Hariciye Nazırı Keçeci zade Mehmet Fuat paşa, zeki, zarif, çalışkan, açık fikirli, güzel konuşan, dürüst, başarılı bir devlet adamıdır. Paşa, Osmanlı devletini hafife alan, yabancı sefirlerin toplantısında, “Artık Osmanlı devleti bitti” diyenlere karşı;

En kuvvetli devlet, bizim devletimizdir. Zira siz dışarıdan, biz içerden yıkmaya çalışıyoruz, yinede yıkılmıyor” diyerek sert tepkisini gösteren gerçek bir Türk diplomatıdır.

Mehmet Fuat Paşa, dönemin Sadrazamıyla ters düştü ve görevinden ayrıldı. Ali Paşa sadaret makamına gelince, yeniden Hariciye Vekâletine atandı. Açık sözlü olmanın bedelini azledilerek ödedi. Bu gidiş, geliş tam altı kez oldu.

Fuat Paşa, 54 yaşında olmasına rağmen 80 yaşında görünüyordu. Birden hastalandı, Fransa’ya tedavi için gitti. Vefatından iki gün önce, hasta yatağında Sultan Abdülaziz Han’a hitaben gönderdiği mektubunda:

“Hünkârım! Şurada yaşayabileceğim birkaç gün ya da birkaç saatim kaldı. Size önemli bir konuyu arz etmek istiyorum.

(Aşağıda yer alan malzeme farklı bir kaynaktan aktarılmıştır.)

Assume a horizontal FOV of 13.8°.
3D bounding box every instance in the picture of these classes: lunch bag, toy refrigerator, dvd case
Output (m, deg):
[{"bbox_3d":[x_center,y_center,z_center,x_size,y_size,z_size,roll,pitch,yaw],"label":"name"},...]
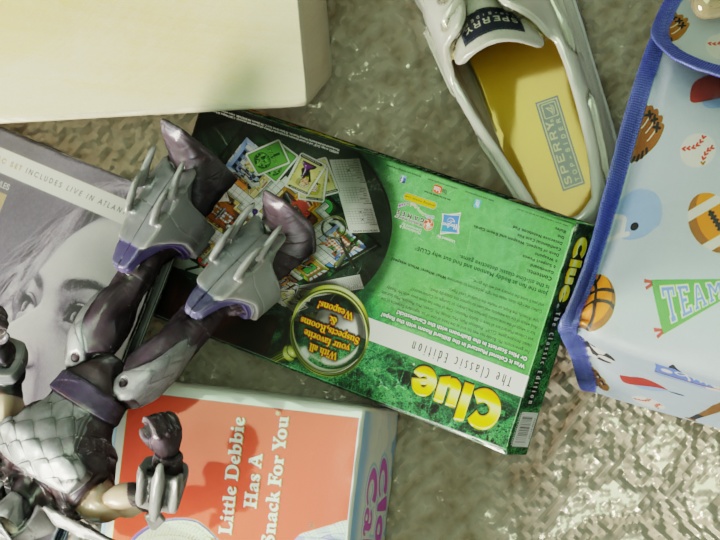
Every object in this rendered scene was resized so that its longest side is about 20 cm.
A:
[{"bbox_3d":[0.191,-0.034,1.247,0.170,0.124,0.200,17,75,13],"label":"lunch bag"},{"bbox_3d":[-0.118,-0.108,1.325,0.200,0.076,0.070,-2,104,10],"label":"toy refrigerator"},{"bbox_3d":[-0.171,0.039,1.351,0.149,0.016,0.200,23,91,29],"label":"dvd case"}]

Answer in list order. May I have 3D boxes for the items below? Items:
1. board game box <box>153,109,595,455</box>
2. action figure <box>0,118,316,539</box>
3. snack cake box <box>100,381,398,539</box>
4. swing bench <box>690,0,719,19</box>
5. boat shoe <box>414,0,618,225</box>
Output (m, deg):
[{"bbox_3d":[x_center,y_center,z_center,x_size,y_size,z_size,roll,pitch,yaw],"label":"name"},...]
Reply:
[{"bbox_3d":[0.000,0.000,1.300,0.200,0.023,0.105,21,94,30],"label":"board game box"},{"bbox_3d":[-0.108,0.041,1.267,0.130,0.069,0.200,32,82,16],"label":"action figure"},{"bbox_3d":[-0.056,0.152,1.314,0.115,0.067,0.200,6,88,15],"label":"snack cake box"},{"bbox_3d":[0.224,-0.222,1.219,0.200,0.130,0.199,-5,71,-21],"label":"swing bench"},{"bbox_3d":[0.061,-0.105,1.301,0.071,0.070,0.200,-21,83,10],"label":"boat shoe"}]
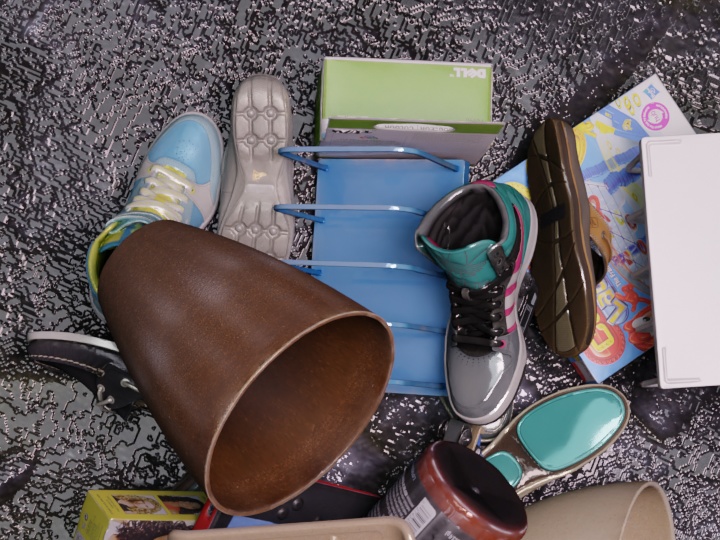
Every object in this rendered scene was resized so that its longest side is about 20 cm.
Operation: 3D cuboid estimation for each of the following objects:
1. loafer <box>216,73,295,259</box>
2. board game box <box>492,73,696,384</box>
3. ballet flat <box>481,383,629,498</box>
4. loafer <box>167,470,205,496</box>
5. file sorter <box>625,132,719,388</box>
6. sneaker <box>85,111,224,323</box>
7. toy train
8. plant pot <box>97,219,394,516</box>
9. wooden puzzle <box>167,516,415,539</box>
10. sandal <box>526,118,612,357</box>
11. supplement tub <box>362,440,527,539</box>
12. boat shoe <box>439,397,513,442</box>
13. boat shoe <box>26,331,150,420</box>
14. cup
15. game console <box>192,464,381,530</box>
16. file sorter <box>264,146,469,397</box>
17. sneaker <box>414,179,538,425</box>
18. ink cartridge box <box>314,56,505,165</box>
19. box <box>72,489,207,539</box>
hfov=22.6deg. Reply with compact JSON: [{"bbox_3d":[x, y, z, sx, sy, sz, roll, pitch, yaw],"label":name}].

Bu kağıt parçası huzuru Alinize sunulduğunda, ben bu dünyayı terk etmiş olacağım. Sözüm sana sadakatimdendir.

Yüce Allah sizi şerefli olduğu kadar, tehlikeli bir vazife ile görevli kılmıştır. Çevrenizde olan tehlikeleri görmeniz ve düşünmeniz gerekir. Vatansever geçinen bazı cahiller, modası geçmiş fikirlerle çevrenizde tehlike arz etmektedir, bunu bilesin.

Gayrı Müslim milletlerden olan paşalarımızın kimler olduğunu siz bilirsiniz. Ermeni, Musevi, Hıristiyan, kökenliler, özellikle Yahudi ya da Ermeni devleti için gizli çalışmalar yapılmaktadır. Onlar arasında eşitlik prensibi ile idare edilirse isyan önlenebilir. Maarif çöküntüdedir. Büyük dinimizin yüksek hükümlerinin aksine, bizde maarif ağır aksak gitmektedir. Çok değerli müderrislerimiz vardır. Onlardan yararlanmak gerekir.

Ben deniz bu hizmeti yerine getirmeyi başaramadım. Bu uğurda birçok engelle karşılaştım. Bana dinsiz damgası basanların hilafına, kurallara uyarak, İslamiyet’in haşmetini korumağa gayret ettim.

Artık titreyen kalemimle, fazla yazamaz oldum. Dünyayı terk etmeğe hazırlandığım şu anda, iyi niyetimi, düşüncelerimi, dikkat’e almanızı, zatı Hümayununuzdan talep ve istida ederek sözlerime son veririm” diyerek mektubunu bitiriyor. Paşa bu uyarısında haklı çıkmış ve neticede sultan Abdülaziz suikastla katledilmiştir

Bu tarihi gerçekleri bilmeden, yarınlarımıza güvenle bakamayız. Dün olduğu gibi bugün de Türkiye Cumhuriyeti Devletini parçalamak niyetinde olanları görüyoruz. Bu konuda millet olarak daha duyarlı ve uyanık olmalıyız diye düşünüyorum.